AZ has made China a key market in its growth strategy, and the approval of Tagrisso (osimertinib) by the country’s National Medical Products Administration (NMPA) is particularly important as China is a hot spot for this type of cancer.
“In China…approximately 30-40% [of NSCLC cases] are diagnosed with an EGFR mutation – more than any other country in the world,” said Dave Fredrickson, the company’s head of oncology. That compares to 10-15% of NSCLC cases in the US and Europe.
Tagrisso has been something of a pathfinder drug for AZ among its new cancer therapies, becoming one of the first drugs to pass through the NMPA’s recently-introduced priority review pathway in 2017 when it was approved as a second-line treatment for EGFR-mutated NSCLC.

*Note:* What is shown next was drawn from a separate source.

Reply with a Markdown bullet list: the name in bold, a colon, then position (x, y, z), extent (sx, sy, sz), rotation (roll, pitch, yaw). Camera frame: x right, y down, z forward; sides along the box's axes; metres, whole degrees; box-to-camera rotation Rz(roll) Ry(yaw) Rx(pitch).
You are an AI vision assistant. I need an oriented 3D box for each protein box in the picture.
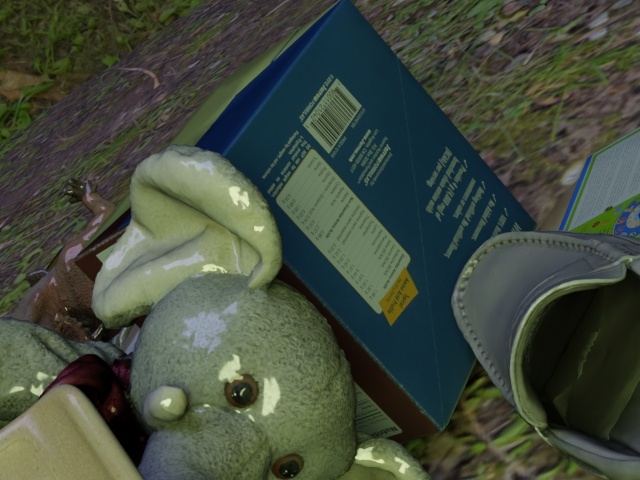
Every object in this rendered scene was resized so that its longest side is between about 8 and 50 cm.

Its latest approval comes on the back of the FLAURA trial, which showed Tagrisso increased the time patients lived without disease progression or death by a median of 18.9 months versus 10.2 months for those on an older EGFR inhibitor, whilst also extending overall survival.
AZ opened a headquarters in China in 2012 and has invested upwards of $1 billion in facilities in the country. It’s a strategy that has paid dividends, allowing the company to tap into China’s strong pharma market growth over several years.
In the first half of 2019, AZ’s Chinese revenues rose 27% to $2.4 billion, and AZ’s stable of cancer drugs like Tagrisso and breast and ovarian cancer therapy Lynparza (olaparib) performed even better, with a 58% increase to $635 million.
Lynparza was the first PARP inhibitor to be approved in China, getting the go-ahead last year as a second-line maintenance treatment for patients with ovarian cancer.
Checkpoint inhibitor Imfinzi (durvalumab) – another growth oncology product for AZ – isn’t yet approved in China but is under review by the NMPA, although it looks likely to be the fifth PD-1/PD-L1 inhibitor to reach the market there.